The long-term effects of the application of robotic gait therapy in people with MS, whether the effects of robotics on ambulation vary according to the type of MS, and the degree of disability of the participants have not been evaluated, and therefore it is not known how long the changes in the sample may last. For future studies, long-term follow-up studies should be developed. Similarly, the effects of dosage (time in the sessions, duration of the proposed programs, etc.) on the changes observed in the studies should be investigated to optimize resources and carry out relatively homogeneous research that will enable the development of more complete studies.
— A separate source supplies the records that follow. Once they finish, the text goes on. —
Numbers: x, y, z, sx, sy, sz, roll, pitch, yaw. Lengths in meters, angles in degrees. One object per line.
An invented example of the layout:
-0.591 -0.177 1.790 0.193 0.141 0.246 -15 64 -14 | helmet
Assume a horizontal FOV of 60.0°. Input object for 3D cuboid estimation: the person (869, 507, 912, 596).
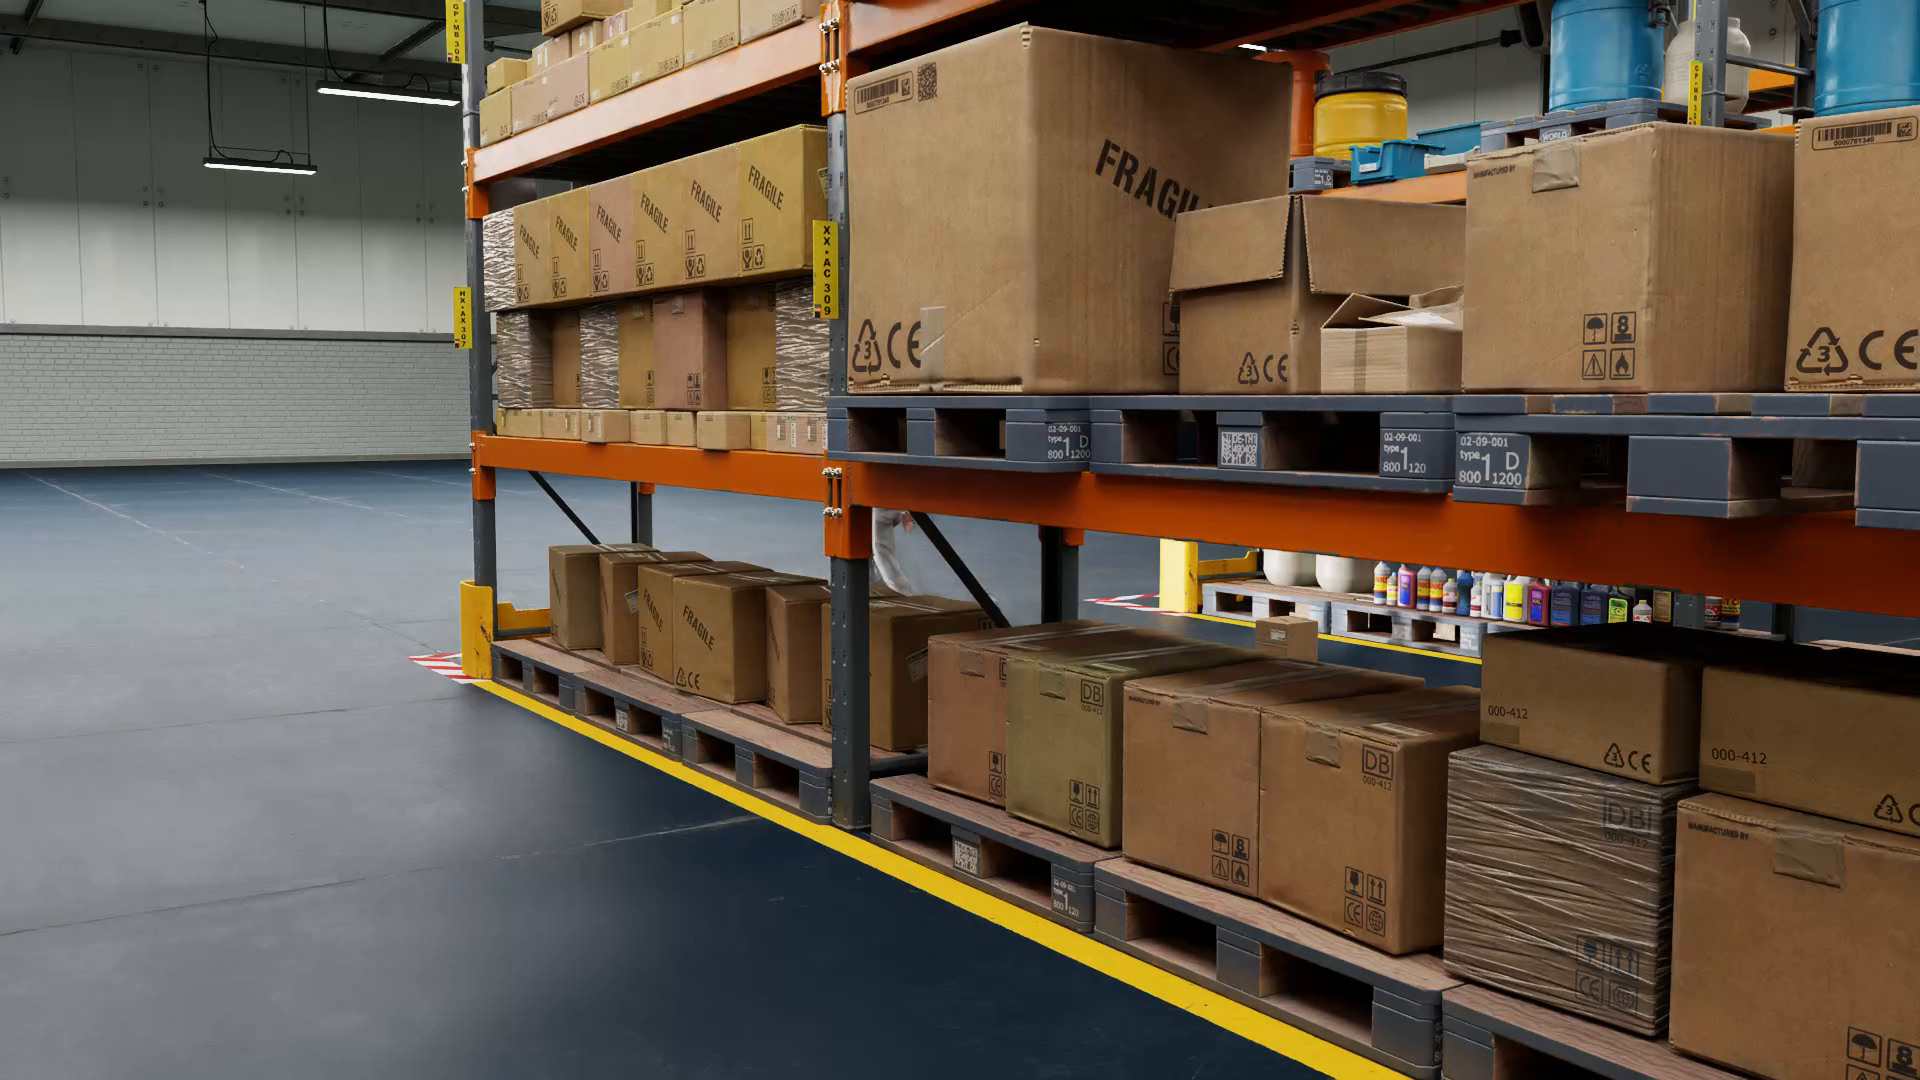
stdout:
-0.515 -0.147 10.091 0.643 1.636 0.454 3 5 27 | person

The studies analyzed present a moderate methodological quality, and therefore an improvement in the scientific methodology is recommended to avoid possible biases in the results.
5. Conclusions
The use of robotics has undergone significant development and continues to do so, growing in its field of action and in its scientific basis for the development of therapeutic strategies applied to patients with multiple sclerosis. These devices allow both professionals and patients to be motivated and involved in the rehabilitation process, due to the benefits revealed so far in the clinical trials analyzed. The exercises included while training with the different devices have allowed patients to obtain significant improvements in the maintenance of their motor skills. It is advisable to continue working on the design of new motor program options for these robotic systems, bearing in mind the suggestions of clinical specialists and patients with MS, so that they can be fully integrated into the rehabilitation process of these individuals. We hope that the results of this study will provide guidance to the clinician in relation to decision-making, protocol development, and the updating of guidelines.
Funding
This research received no external funding.
Institutional Review Board Statement
Not applicable.
Informed Consent Statement
Not applicable.
Data Availability Statement
Not applicable.
Conflicts of Interest
The author has declared no conflict of interest.